Enrique Tarrio, chef du gang fasciste «Proud Boys», s’avère être un informateur «prolifique» du FBI

Une enquête de Reuters a révélé qu’Enrique Tarrio, 36 ans, le chef du groupe d’extrême droite «Proud Boys», était un informateur confidentiel «prolifique» pour le «Federal Bureau of Investigation» (FBI) et la police locale de Floride. Il est devenu informateur suite à une arrestation en 2012 pour fraude liée à la vente de trousses volées servant à tester le diabète.

Selon une transcription d’une procédure judiciaire fédérale de 2014 obtenue par Reuters, qui comportait les déclarations d’un ancien procureur, d’un agent du FBI et du propre avocat de Tarrio, Tarrio a travaillé clandestinement pour les autorités fédérales et la police locale, aidant à poursuivre 13 personnes dans des affaires de drogue, de jeu et de trafic d’êtres humains.

Un manifestant de droite équipé d’une arme automatique au Capitole de Lansing, au Michigan, lors d’une manifestation contre la gouverneure Whitmer le 30 avril [Source: AP Photo/Paul Sancya]

La révélation de l’identité de Tarrio n’est pas surprenante. Les milices d’extrême droite telles que les Proud Boys, les OathKeepers et les «III percenters», qui ont toutes participé à la tentative de coup d’État du 6 janvier sur le Capitole, sont truffées de policiers, de militaires en service et à la retraite, et des agents au service de l’État. Bien qu’il ne s’agisse pas d’une organisation entièrement gérée par l’État, il ne fait aucun doute que Tarrio n’est pas le seul agent provocateur opérant au sein du groupe.
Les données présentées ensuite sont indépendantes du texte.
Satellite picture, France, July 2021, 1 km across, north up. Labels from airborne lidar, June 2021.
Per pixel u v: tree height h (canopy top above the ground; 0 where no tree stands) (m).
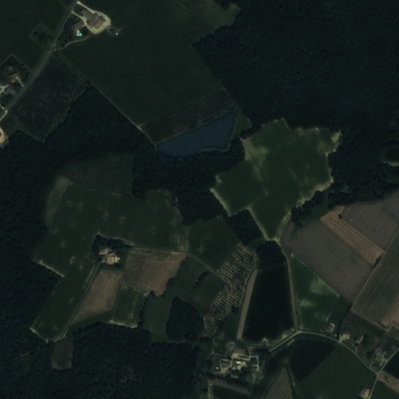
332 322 0
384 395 0
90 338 19
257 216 0
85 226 0
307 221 0
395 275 0
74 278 0
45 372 16
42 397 23
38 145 23
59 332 0
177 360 17
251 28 22
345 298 0
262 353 15
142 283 0
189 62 0
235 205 0
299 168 0
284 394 0
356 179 28
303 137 0
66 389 23
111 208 0
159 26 0
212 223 0
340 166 22
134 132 27
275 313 0
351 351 0
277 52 20
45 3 0
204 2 0
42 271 27
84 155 26
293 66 19
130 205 0
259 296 0
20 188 11
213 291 0
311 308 0
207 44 21
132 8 0
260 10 18
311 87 22
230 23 0
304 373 0
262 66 23
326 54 18
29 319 19
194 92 0
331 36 27
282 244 0
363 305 0
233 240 0
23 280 20
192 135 0
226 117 0
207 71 0
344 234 0
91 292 0
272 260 20
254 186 0
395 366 0
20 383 15
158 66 0
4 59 0
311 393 0
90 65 0
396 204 0
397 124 17
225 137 0
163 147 0
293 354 0
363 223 0
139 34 0
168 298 0
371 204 0
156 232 0
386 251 0
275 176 0
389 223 0
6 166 24
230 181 0
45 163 23
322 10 14
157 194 0
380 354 0
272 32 18
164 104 0
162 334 0
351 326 0
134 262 0
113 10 0
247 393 0
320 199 19
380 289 0
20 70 9
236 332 0
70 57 0
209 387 0
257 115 21
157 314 0
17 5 0
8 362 14
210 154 19
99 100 17
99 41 0
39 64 0
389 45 23
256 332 0
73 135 21
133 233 0
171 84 0
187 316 19
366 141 27
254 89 23
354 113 25
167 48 0
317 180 0
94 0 0
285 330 0
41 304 18
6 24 0
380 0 20
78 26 0
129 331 15
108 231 0
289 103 24
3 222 13
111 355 16
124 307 0
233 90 18
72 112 19
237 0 18
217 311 12
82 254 0
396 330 0
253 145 0
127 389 13
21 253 23
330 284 0
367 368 0
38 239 27
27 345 15
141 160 22
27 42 0
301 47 20
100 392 18
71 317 0
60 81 5
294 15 18
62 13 0
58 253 0
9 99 9
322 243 0
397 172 19
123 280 0
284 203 0
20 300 23
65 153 27
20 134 15
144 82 0
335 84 22
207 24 0
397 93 25
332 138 0
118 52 0
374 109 25
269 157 0
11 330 20
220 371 0
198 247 0
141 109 0
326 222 0
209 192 12
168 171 23
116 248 10
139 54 0
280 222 0
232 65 21
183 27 0
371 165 19
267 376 0
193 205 19
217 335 0
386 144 20
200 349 23
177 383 18
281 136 0
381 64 28
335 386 0
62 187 0
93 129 26
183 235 0
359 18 21
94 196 0
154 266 0
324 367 0
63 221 0
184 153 0
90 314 0
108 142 23
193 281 0
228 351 0
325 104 24
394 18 17
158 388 18
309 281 0
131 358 19
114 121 23
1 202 20
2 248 23
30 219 25
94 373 15
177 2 0
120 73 0
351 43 24
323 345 0
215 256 0
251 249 0
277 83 24
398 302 0
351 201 15
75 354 16
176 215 0
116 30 0
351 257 0
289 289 0
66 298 0
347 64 22
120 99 0
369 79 22
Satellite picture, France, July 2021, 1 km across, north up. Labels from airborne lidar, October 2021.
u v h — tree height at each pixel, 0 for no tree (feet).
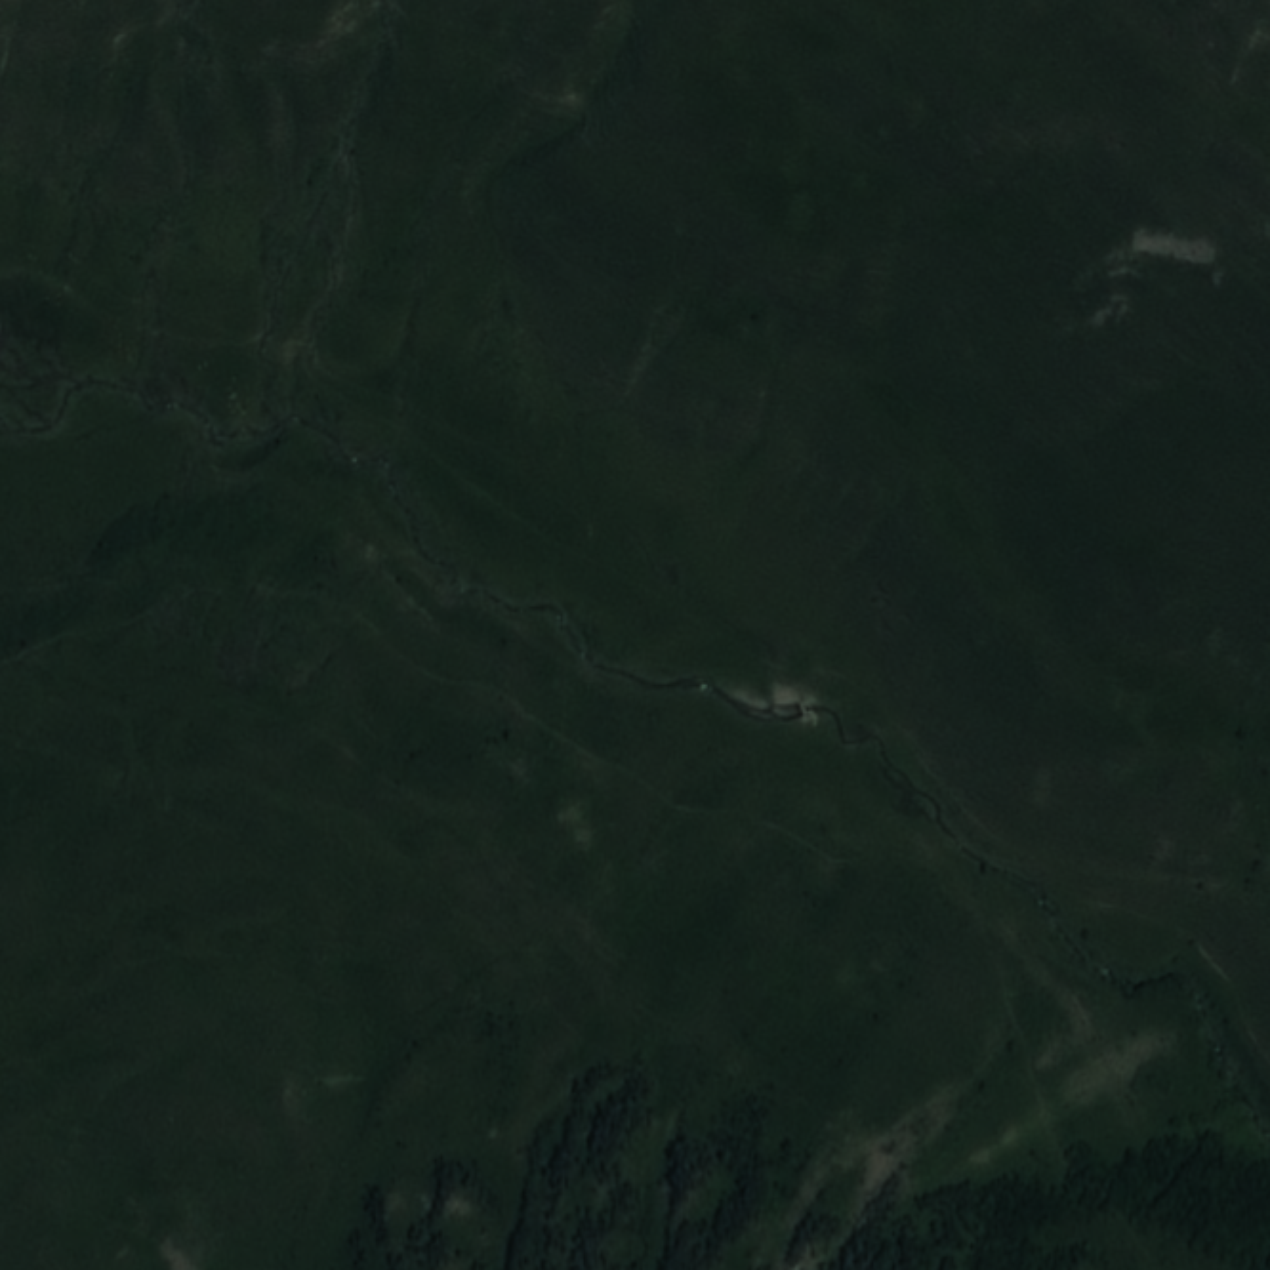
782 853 0
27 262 0
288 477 0
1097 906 0
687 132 0
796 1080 0
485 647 0
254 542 0
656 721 0
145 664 0
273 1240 0
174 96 0
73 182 0
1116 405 0
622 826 0
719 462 0
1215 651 0
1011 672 0
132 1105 0
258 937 0
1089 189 0
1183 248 0
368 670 0
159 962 0
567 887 0
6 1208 0
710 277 0
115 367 0
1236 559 0
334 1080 0
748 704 0
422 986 0
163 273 0
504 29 0
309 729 0
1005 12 0
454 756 0
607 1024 0
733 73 0
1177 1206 34
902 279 0
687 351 0
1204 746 0
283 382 0
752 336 0
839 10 0
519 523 0
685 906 0
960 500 0
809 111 0
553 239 0
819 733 0
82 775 0
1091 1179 22
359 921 0
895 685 0
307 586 0
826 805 0
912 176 0
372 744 0
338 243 0
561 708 0
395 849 0
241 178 0
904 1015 0
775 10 0
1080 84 0
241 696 0
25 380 0
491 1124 0
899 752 0
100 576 0
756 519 0
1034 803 0
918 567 0
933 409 0
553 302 0
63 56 0
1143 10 0
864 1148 0
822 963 0
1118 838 0
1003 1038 0
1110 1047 0
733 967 0
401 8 0
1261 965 0
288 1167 0
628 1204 30
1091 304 0
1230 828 0
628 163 0
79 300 0
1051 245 0
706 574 0
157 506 0
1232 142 0
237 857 0
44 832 0
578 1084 40
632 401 0
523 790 0
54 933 0
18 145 0
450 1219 0
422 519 0
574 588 0
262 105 0
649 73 0
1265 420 0
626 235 0
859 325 0
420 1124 0
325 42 0
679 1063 0
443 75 0
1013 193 0
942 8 0
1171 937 0
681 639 0
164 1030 0
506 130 0
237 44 0
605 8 0
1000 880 0
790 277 0
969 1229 20
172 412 0
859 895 0
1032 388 0
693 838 0
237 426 0
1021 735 0
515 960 0
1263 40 0
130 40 0
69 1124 0
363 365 0
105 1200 0
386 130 0
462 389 0
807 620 0
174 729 0
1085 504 0
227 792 0
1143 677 0
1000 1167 0
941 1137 0
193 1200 0
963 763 0
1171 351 0
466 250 0
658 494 0
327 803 0
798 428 0
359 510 0
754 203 0
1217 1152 23
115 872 0
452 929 0
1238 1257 39
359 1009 0
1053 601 0
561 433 0
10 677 0
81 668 0
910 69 0
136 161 0
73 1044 0
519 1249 35
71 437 0
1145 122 0
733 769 0
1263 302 0
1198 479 0
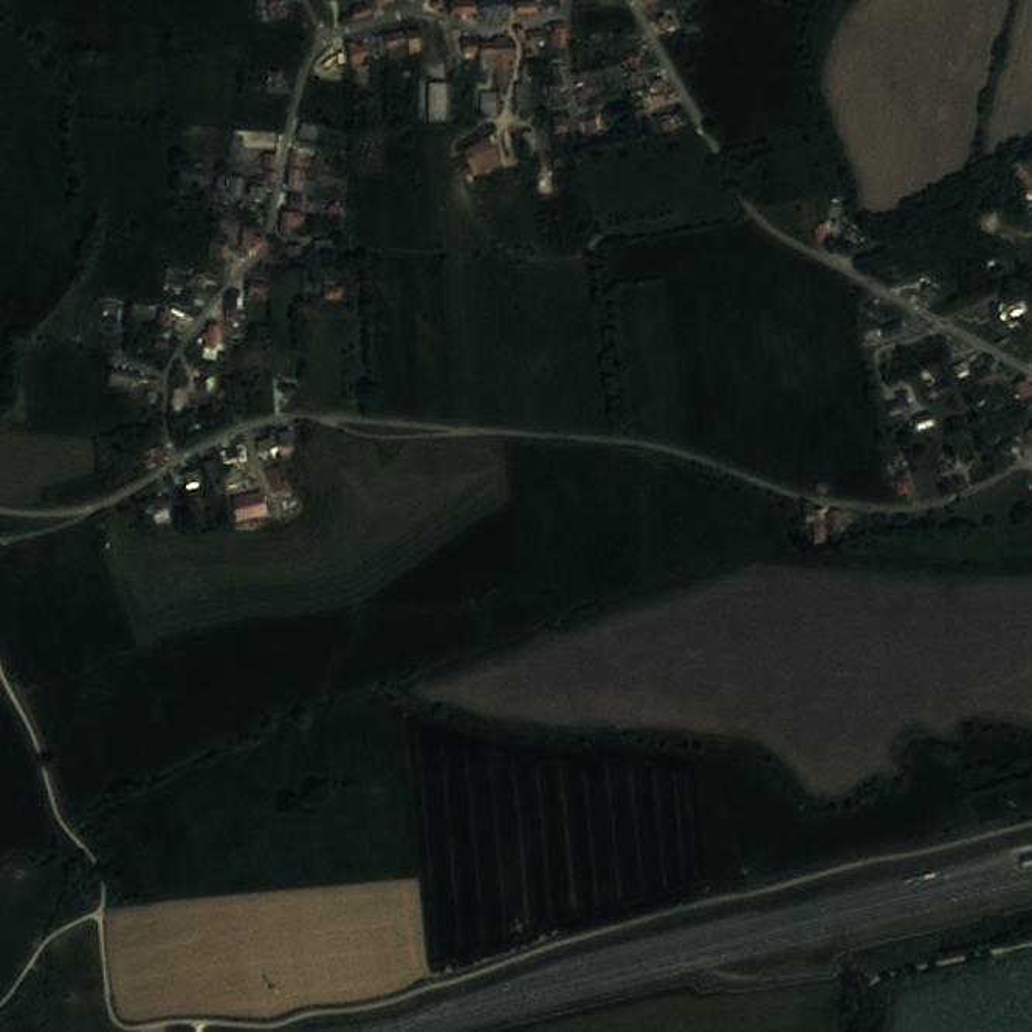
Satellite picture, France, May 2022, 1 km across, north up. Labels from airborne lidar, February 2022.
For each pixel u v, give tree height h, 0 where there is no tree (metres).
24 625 0
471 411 0
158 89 0
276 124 0
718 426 0
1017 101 0
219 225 9
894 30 0
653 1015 0
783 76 0
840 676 0
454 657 0
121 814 0
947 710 0
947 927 0
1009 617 0
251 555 0
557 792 0
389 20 0
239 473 0
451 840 0
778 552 0
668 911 0
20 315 0
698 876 0
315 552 0
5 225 0
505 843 0
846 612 0
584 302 0
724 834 0
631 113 16
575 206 0
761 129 0
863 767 0
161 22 0
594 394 0
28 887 0
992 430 0
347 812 0
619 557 0
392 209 0
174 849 0
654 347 0
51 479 0
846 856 0
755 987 0
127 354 5
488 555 0
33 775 0
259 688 0
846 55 0
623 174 0
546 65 8
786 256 0
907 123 0
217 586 0
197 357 0
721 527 0
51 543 0
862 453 0
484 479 0
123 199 0
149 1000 0
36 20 0
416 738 0
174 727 0
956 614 0
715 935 0
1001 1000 0
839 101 0
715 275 0
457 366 0
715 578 0
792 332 0
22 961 0
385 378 0
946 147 0
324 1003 0
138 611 0
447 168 0
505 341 0
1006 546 0
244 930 0
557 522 0
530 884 0
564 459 0
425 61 0
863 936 0
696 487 0
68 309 0
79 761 0
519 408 0
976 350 0
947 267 0
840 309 0
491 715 0
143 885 0
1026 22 0
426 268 0
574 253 0
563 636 0
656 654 0
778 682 0
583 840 0
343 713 0
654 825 0
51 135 0
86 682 0
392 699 11
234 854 0
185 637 0
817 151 0
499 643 0
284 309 0
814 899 0
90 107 0
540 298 0
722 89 0
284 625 0
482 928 0
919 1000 0
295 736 0
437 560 0
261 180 0
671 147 8
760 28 0
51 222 0
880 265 0
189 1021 0
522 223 0
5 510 0
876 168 0
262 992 0
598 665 0
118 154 0
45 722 0
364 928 0
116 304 0
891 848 0
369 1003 0
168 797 0
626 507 0
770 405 0
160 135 0
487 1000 0
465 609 0
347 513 0
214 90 0
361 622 0
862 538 8
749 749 0
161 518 0
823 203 0
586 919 0
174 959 0
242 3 0
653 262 0
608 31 0
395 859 0
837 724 0
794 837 0
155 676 0
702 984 0
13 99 0
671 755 0
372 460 0
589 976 0
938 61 0
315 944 0
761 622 0
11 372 12
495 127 0
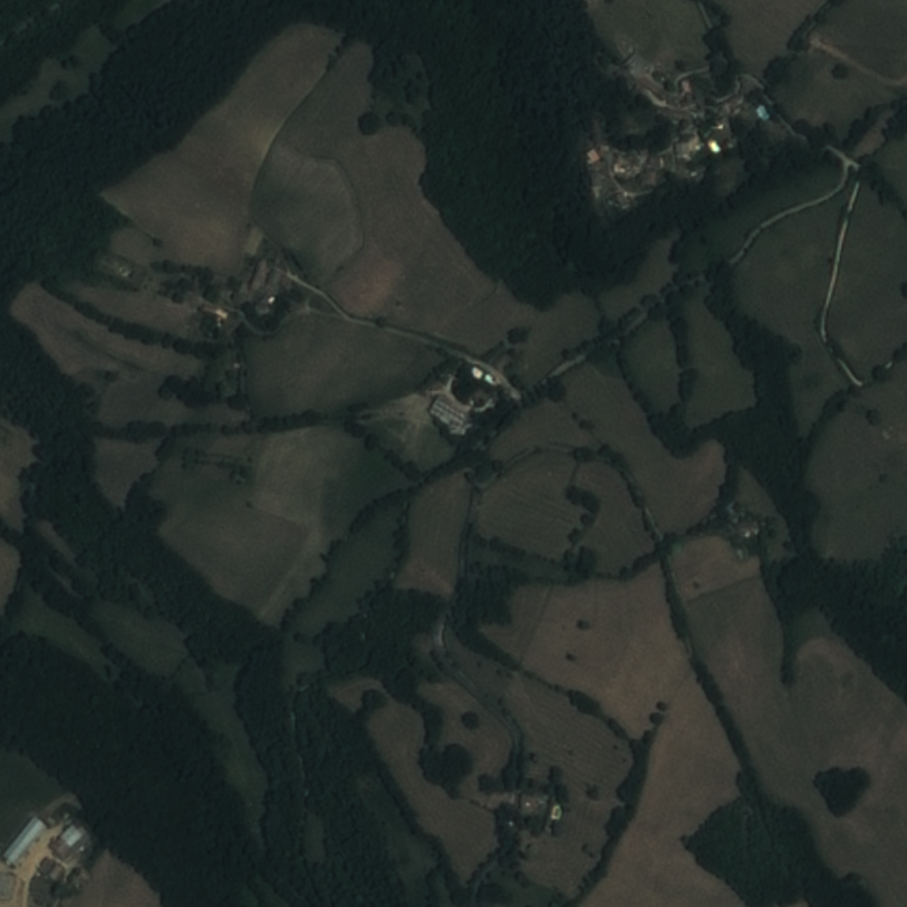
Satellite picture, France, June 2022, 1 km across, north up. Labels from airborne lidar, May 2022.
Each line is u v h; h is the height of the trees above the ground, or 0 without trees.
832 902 15
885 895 0
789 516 16
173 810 22
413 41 18
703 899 0
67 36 25
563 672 0
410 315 0
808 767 0
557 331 0
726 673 0
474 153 19
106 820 19
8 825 0
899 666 19
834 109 0
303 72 0
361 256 0
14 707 18
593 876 11
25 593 11
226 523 0
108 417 0
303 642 14
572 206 17
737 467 14
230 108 0
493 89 33
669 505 0
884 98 0
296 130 0
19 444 0
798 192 0
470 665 0
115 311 0
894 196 12
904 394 0
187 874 19
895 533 0
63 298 12
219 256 0
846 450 0
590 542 0
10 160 23
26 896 0
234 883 20
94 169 23
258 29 15
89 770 19
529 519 0
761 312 0
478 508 0
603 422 0
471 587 16
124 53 20
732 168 0
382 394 0
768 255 0
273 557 0
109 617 0
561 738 0
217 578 0
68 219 7
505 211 20
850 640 10
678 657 0
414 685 14
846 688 0
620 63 13
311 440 0
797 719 0
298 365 0
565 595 0
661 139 17
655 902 0
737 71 16
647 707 0
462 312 0
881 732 0
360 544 0
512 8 18
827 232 0
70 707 24
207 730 16
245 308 13
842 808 21
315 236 0
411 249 0
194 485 0
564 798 16
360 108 0
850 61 0
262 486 0
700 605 0
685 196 15
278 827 17
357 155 0
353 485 0
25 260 15
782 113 14
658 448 0
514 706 0
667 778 0
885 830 0
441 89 15
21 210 19
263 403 0
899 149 0
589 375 0
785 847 9
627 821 12
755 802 8
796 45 13
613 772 0
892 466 0
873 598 9
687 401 14
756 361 21
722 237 0
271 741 15
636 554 0
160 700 21
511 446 0
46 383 14
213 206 0
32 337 14
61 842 0
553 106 20
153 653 0
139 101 24
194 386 19
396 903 8
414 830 13
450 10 13
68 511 6
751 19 0
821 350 0
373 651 15
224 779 9
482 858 0
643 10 0
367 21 17
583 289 13
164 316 0
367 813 10
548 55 20
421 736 0
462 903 16
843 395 6
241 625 12
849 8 0
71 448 18
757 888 9
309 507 0
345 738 15
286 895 15
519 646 0
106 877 0
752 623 0
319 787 13
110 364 0
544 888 0
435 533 0
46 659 22
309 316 0
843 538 0
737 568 0
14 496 0
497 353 7
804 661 0
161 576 17
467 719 12
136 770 23
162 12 17
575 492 13
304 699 12
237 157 0
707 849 11
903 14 0
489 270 13
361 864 11
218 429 8
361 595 0
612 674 0
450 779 19
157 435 12
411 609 14
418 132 10
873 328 0
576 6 12
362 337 0
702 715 0
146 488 15
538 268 17
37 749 20
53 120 27
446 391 0
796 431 15
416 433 0
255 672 17
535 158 20
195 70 20
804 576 19
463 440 12
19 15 9
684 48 0
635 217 14
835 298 0
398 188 0
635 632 0
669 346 0
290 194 0
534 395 17
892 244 0
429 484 10
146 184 0
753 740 0
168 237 0
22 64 21
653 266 0
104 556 15
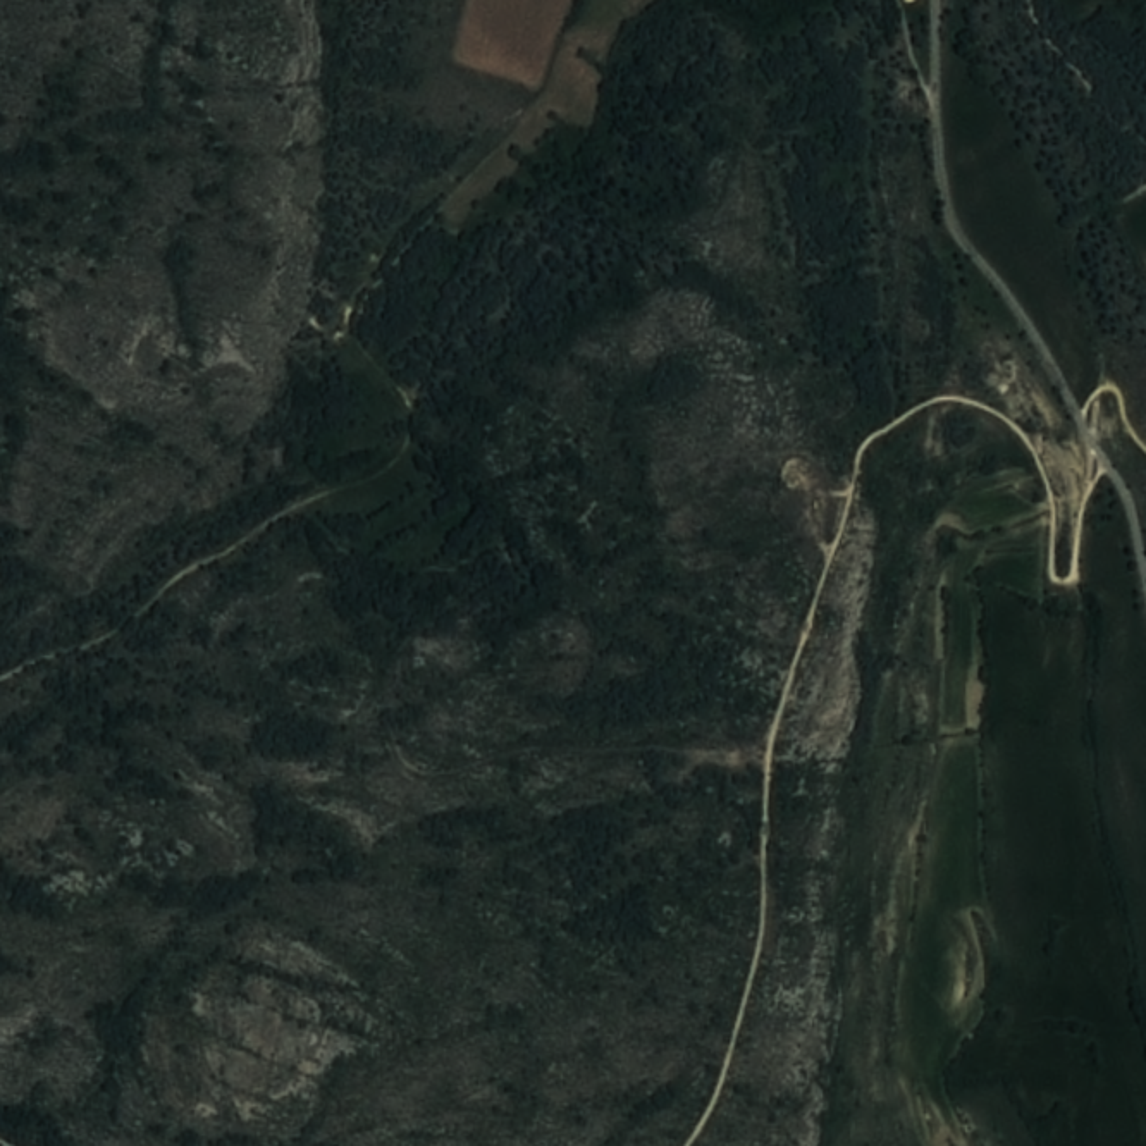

Cette révélation souligne encore la nécessité d’une enquête publique complète sur l’insurrection fasciste du 6 janvier, incluant toutes les communications faites entre Tarrio, la police, les agents fédéraux et les politiciens républicains. Dans une interview accordée l’année dernière, Tarrio s’est vanté de son attachement à Trump et des liens étroits qu’il entretenait avec sa campagne, affirmant qu’il «avait personnellement frappé à 40.000 portes pour le président» et qu’il était un ami proche de Roger Stone, un ami politique de longue date de Trump.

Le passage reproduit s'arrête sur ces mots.